Re: trial buildbot.test failures on NetBSD

On Thu, Jul 2, 2009 at 5:10 PM, Jeremy C. Reed<reed@...> wrote:
> FAILED (skips=39, failures=12, errors=14, successes=354)

Hmm, I assume there's some common cause behind all of these.  The
thing I noticed is that all of those tests involve starting a new
buildslave and communicating (via TCP) with it.  Is this something
that your system may make difficult?

Dustin

--

-- 
Open Source Storage Engineer
http://www.zmanda.com

------------------------------------------------------------------------------
Jeremy C. Reed | 3 Jul 2009 20:08

Re: trial buildbot.test failures on NetBSD

On Fri, 3 Jul 2009, Dustin J. Mitchell wrote:

> On Thu, Jul 2, 2009 at 5:10 PM, Jeremy C. Reed<reed@...> wrote:
> > FAILED (skips=39, failures=12, errors=14, successes=354)
> 
> Hmm, I assume there's some common cause behind all of these.  The
> thing I noticed is that all of those tests involve starting a new
> buildslave and communicating (via TCP) with it.  Is this something
> that your system may make difficult?

Nothing that I know about.

Note I am running the trial buildbot.test as a non-root user.

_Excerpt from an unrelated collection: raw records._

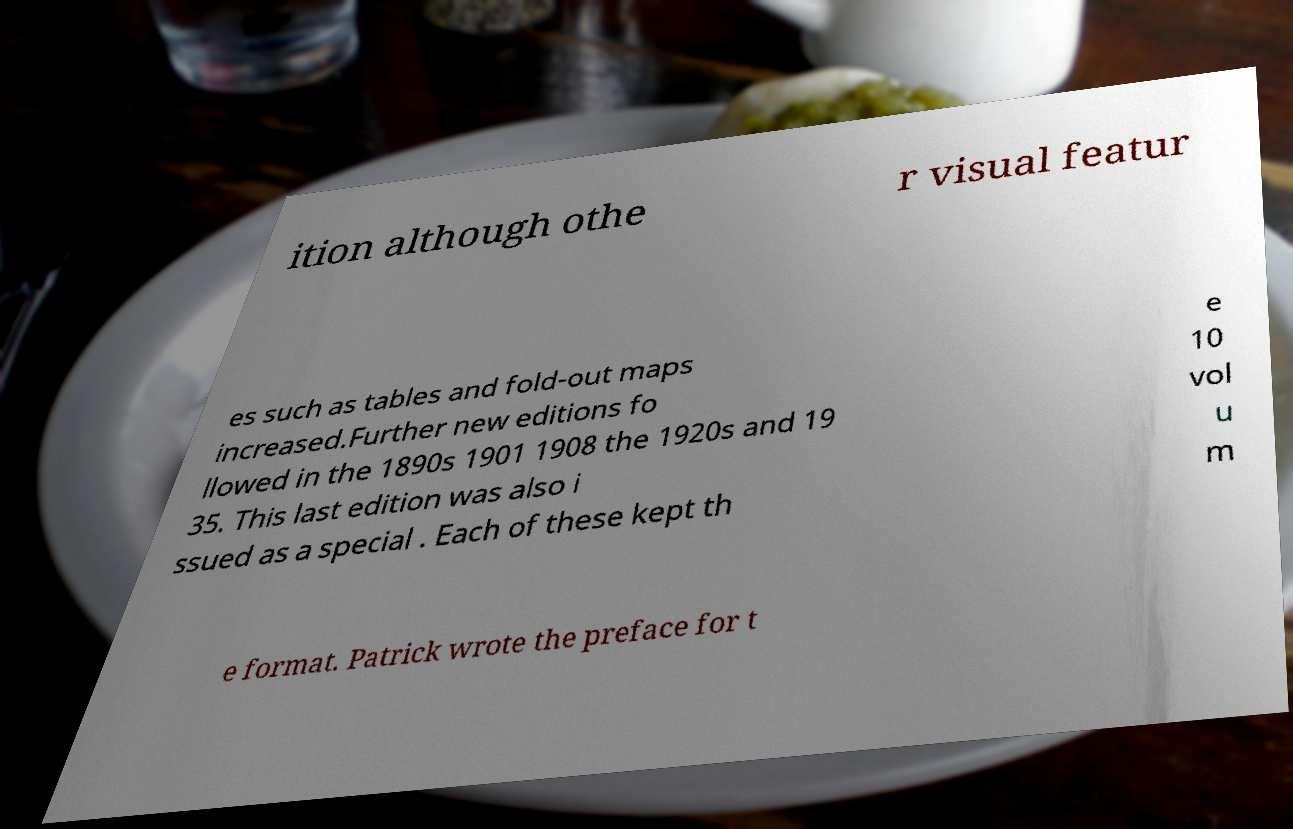There's text embedded in this image that I need extracted. Can you transcribe it verbatim? ition although othe r visual featur es such as tables and fold-out maps increased.Further new editions fo llowed in the 1890s 1901 1908 the 1920s and 19 35. This last edition was also i ssued as a special . Each of these kept th e 10 vol u m e format. Patrick wrote the preface for t 
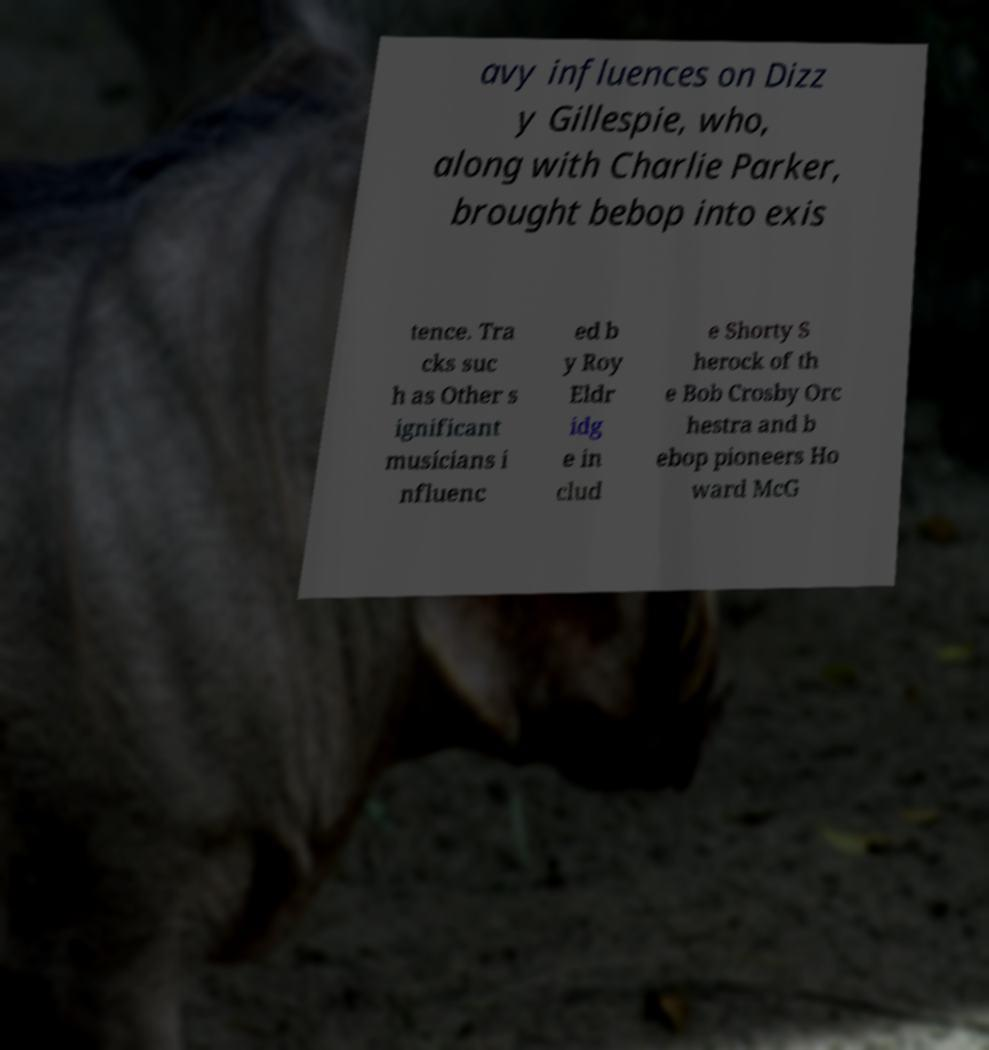There's text embedded in this image that I need extracted. Can you transcribe it verbatim? avy influences on Dizz y Gillespie, who, along with Charlie Parker, brought bebop into exis tence. Tra cks suc h as Other s ignificant musicians i nfluenc ed b y Roy Eldr idg e in clud e Shorty S herock of th e Bob Crosby Orc hestra and b ebop pioneers Ho ward McG 
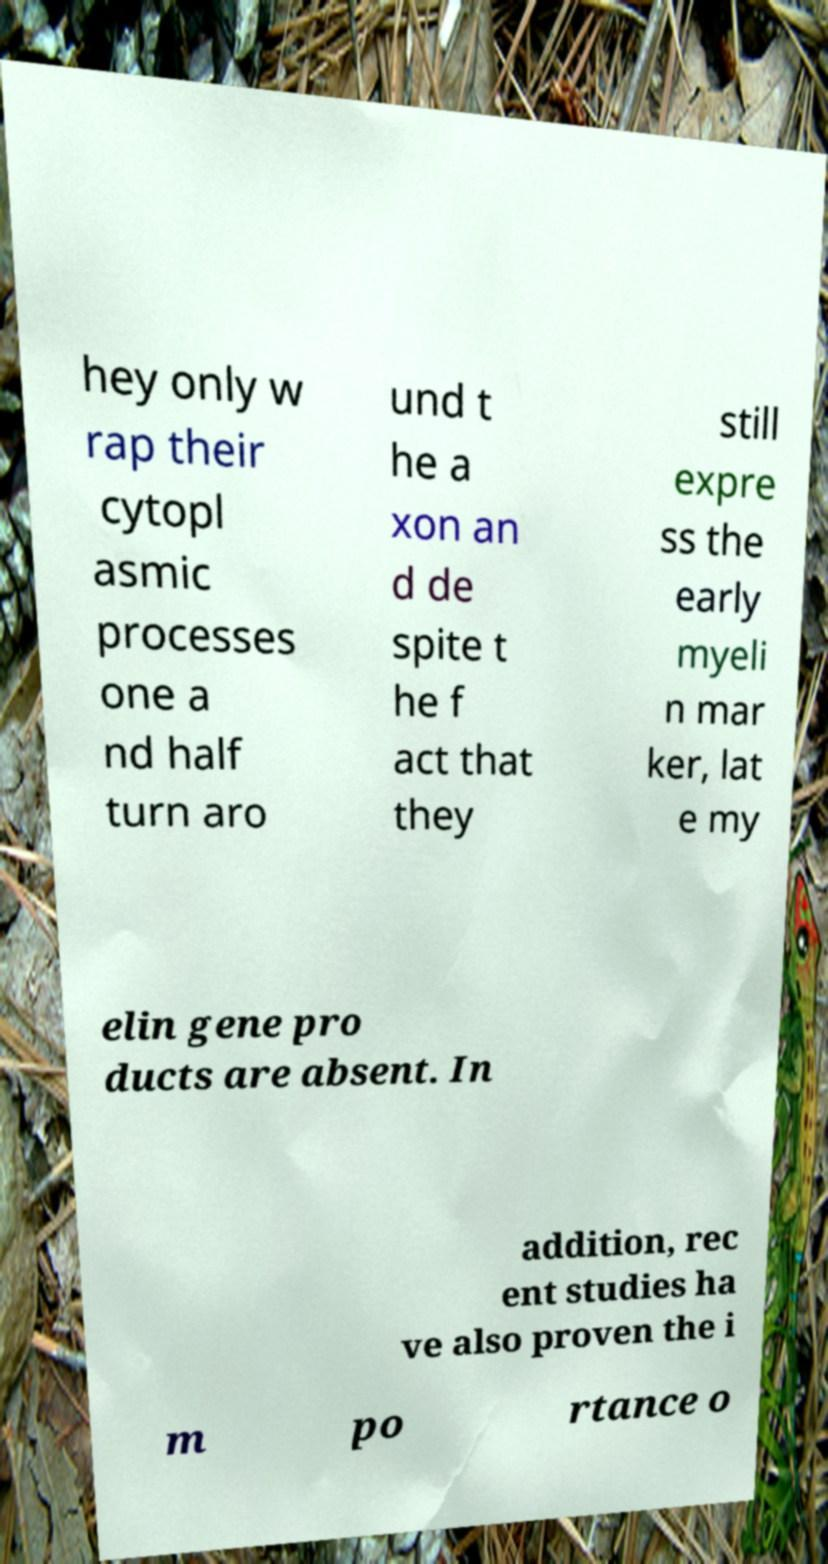Could you assist in decoding the text presented in this image and type it out clearly? hey only w rap their cytopl asmic processes one a nd half turn aro und t he a xon an d de spite t he f act that they still expre ss the early myeli n mar ker, lat e my elin gene pro ducts are absent. In addition, rec ent studies ha ve also proven the i m po rtance o 
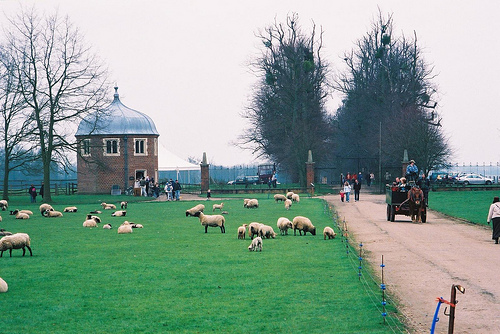How many cars are visible? There is one car visible in the image, parked on the far right. 
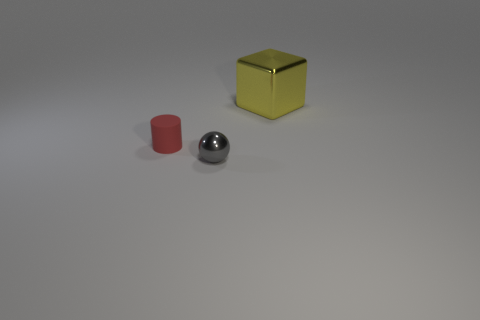Add 1 tiny gray balls. How many objects exist? 4 Subtract all spheres. How many objects are left? 2 Add 1 small gray blocks. How many small gray blocks exist? 1 Subtract 0 red cubes. How many objects are left? 3 Subtract all purple matte cubes. Subtract all gray metallic things. How many objects are left? 2 Add 1 small red matte cylinders. How many small red matte cylinders are left? 2 
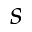Convert formula to latex. <formula><loc_0><loc_0><loc_500><loc_500>s</formula>

------------------------------------------------------------------------------
Dustin J. Mitchell | 5 Jul 2009 22:49
Favicon
Gravatar

Re: trial buildbot.test failures on NetBSD

Can you try running just one of the failing tests, and send me the
resulting trial.log?

Dustin Sallings has donated a FreeBSD 7 buildbot to the
new-and-improved metabuildbot.  Do you have a NetBSD system we could
use?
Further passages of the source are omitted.